- **Problem to work on**:
Wherever the string "fill" shows up in the records below, return that line.

(Records from a data collection)
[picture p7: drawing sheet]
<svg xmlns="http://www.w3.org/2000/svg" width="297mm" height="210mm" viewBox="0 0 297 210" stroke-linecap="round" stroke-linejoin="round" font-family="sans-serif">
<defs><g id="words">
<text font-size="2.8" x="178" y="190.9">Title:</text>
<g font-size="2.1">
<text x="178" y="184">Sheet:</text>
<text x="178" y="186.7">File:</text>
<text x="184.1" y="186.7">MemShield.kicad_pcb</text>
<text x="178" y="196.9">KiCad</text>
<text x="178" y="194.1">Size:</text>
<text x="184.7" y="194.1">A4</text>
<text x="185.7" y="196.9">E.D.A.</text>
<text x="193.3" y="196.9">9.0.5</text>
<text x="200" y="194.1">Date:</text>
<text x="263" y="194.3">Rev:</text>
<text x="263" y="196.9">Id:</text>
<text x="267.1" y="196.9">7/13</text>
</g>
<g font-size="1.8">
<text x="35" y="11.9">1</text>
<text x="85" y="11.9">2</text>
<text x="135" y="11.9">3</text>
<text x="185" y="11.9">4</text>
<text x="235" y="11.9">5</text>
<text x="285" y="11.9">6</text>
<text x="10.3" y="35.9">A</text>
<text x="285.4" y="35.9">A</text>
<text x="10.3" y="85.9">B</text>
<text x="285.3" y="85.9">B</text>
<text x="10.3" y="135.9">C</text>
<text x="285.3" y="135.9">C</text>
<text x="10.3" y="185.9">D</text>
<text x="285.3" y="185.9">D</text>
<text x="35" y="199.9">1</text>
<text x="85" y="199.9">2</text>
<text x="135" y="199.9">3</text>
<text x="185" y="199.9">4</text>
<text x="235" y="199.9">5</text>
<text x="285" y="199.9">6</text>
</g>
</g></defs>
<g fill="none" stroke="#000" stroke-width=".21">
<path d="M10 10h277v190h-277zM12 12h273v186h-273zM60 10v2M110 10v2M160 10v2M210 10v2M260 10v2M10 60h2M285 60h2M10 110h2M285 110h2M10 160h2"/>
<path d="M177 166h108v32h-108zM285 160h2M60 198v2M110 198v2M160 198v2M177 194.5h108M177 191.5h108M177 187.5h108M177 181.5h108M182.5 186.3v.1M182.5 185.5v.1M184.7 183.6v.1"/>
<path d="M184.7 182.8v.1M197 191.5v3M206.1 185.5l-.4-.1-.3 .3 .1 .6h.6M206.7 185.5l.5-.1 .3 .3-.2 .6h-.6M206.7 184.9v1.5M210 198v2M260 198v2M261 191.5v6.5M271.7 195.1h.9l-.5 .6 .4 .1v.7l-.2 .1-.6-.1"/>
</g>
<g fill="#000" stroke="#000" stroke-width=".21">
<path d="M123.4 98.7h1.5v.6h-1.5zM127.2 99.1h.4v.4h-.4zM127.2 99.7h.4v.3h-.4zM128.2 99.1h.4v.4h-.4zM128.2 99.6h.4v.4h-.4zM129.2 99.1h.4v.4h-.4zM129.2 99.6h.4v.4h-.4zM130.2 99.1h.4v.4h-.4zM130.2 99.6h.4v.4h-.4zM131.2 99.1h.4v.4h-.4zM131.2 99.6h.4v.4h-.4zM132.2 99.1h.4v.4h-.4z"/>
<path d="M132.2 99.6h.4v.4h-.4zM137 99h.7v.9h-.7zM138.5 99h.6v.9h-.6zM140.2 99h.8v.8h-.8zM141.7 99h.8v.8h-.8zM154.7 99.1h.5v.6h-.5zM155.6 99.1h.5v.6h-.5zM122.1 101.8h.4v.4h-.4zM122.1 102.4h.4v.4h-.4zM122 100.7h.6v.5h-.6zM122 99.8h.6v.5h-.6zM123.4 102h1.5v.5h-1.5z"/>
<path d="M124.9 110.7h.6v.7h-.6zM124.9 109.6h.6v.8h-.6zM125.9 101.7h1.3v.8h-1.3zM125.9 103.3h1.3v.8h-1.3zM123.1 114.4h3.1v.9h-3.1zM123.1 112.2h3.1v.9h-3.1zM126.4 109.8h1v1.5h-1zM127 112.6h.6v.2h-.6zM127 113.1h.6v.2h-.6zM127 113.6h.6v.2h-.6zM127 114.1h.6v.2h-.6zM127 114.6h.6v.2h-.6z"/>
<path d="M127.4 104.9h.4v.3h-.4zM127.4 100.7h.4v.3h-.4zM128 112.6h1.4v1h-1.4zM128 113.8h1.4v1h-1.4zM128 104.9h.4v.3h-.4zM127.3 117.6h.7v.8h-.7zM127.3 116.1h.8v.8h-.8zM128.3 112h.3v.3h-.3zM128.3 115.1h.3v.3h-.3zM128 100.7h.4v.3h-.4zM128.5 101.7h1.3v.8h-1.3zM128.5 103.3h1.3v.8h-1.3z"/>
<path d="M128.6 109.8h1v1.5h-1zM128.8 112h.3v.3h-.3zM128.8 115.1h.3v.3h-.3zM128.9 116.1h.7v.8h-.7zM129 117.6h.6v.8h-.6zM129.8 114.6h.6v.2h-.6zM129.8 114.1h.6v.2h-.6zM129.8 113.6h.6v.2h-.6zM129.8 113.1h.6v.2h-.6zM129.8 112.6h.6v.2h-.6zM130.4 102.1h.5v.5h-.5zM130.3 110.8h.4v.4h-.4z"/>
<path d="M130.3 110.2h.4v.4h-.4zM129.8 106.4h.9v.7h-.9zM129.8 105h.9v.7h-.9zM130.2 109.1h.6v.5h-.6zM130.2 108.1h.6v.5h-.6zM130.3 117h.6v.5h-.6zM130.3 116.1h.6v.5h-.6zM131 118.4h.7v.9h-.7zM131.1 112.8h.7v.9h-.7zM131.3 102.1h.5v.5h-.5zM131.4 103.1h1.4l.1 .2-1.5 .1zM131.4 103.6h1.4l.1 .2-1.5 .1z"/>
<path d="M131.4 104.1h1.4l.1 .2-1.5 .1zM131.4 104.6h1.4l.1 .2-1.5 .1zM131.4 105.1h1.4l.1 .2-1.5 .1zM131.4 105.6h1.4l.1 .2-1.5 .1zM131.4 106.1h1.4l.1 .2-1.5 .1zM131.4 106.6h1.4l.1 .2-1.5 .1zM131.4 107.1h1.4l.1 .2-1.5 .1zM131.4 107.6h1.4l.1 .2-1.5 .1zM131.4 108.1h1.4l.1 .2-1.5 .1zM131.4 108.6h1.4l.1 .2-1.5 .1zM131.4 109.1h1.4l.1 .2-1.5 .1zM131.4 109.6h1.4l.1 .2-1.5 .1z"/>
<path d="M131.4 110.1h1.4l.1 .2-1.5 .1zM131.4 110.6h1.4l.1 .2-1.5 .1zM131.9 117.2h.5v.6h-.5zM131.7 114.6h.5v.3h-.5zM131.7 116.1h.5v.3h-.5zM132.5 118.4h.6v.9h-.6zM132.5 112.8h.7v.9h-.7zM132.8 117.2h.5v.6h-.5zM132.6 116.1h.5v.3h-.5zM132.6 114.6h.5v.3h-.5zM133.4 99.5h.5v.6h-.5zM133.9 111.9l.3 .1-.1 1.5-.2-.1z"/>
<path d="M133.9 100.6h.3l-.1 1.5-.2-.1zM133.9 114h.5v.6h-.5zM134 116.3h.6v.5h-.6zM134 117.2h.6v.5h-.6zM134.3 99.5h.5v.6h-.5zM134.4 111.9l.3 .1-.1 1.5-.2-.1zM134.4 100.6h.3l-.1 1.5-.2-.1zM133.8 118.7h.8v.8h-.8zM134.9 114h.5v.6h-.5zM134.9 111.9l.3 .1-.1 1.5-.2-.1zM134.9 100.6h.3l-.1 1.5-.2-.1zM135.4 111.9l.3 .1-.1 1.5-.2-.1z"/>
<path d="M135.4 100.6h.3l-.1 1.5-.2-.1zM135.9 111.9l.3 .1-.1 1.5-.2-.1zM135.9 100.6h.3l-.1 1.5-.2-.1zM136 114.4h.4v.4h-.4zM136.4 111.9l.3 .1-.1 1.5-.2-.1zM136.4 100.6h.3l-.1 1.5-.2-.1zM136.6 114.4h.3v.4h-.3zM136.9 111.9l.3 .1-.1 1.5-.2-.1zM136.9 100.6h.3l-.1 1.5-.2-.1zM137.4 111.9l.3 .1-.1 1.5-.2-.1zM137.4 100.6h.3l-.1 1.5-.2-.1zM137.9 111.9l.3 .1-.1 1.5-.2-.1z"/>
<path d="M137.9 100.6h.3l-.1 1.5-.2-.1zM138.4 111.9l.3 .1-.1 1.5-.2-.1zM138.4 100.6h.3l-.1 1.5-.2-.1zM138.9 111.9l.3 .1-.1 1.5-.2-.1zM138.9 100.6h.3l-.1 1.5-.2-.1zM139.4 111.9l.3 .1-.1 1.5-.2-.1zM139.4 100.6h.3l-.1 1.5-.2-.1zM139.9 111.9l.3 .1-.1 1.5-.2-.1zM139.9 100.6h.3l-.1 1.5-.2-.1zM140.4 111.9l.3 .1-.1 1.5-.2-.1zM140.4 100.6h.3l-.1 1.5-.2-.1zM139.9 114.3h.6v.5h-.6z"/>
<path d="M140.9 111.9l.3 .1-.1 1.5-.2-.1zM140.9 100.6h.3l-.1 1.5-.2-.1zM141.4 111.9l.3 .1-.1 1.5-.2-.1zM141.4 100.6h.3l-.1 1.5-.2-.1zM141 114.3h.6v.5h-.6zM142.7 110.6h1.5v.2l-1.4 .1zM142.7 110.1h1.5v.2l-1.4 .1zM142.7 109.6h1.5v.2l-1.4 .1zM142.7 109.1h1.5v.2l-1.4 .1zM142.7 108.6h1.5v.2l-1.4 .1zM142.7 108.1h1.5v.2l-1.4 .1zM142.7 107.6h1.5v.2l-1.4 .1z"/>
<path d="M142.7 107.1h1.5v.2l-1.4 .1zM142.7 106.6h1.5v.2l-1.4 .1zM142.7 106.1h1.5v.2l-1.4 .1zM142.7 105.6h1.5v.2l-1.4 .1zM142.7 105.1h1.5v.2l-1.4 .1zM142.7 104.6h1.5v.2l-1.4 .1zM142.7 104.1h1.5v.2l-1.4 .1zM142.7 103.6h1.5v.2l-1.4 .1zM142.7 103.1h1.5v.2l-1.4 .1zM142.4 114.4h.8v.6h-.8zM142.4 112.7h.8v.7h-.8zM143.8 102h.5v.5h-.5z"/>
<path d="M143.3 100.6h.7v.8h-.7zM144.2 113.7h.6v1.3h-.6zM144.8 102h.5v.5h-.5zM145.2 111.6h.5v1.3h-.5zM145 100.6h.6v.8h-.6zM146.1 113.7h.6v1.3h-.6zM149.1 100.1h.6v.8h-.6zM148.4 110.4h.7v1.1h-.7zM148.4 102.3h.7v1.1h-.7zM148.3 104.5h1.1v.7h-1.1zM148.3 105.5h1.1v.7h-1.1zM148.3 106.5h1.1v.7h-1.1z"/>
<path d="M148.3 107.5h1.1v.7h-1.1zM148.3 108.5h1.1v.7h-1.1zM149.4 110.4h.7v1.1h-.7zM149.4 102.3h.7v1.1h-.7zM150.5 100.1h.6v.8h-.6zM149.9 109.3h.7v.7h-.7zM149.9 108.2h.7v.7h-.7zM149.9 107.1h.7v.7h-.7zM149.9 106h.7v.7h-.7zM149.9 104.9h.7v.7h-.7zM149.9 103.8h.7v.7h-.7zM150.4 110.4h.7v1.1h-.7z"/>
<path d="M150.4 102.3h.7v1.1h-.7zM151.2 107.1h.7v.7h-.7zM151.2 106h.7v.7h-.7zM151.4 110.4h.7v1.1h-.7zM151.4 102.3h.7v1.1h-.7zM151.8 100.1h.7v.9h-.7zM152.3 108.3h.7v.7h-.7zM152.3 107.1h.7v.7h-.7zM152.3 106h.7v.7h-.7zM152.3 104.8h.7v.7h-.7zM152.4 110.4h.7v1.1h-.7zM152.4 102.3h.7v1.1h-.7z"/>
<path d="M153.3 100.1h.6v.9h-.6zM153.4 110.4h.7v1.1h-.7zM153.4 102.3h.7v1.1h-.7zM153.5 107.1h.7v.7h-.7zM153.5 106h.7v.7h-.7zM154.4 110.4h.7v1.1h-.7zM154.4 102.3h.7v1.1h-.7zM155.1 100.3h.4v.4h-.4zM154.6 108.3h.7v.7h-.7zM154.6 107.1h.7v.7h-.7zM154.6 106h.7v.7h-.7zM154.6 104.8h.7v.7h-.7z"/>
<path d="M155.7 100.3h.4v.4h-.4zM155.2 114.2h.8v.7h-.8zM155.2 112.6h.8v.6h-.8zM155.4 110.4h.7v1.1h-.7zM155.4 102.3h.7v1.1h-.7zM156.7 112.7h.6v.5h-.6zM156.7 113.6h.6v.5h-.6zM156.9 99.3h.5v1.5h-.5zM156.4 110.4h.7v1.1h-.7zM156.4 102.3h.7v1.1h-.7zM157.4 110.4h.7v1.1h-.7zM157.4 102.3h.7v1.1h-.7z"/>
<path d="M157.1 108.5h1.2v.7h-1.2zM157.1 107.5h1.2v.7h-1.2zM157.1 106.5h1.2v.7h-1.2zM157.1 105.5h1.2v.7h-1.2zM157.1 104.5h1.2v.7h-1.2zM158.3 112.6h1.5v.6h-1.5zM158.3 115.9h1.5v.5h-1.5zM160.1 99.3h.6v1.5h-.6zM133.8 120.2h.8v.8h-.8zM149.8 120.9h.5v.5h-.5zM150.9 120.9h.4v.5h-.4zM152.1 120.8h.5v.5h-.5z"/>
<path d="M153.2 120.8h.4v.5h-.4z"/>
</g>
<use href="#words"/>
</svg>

- **Solution to the problem**:
<g fill="none" stroke="#000" stroke-width=".21">
<g fill="#000" stroke="#000" stroke-width=".21">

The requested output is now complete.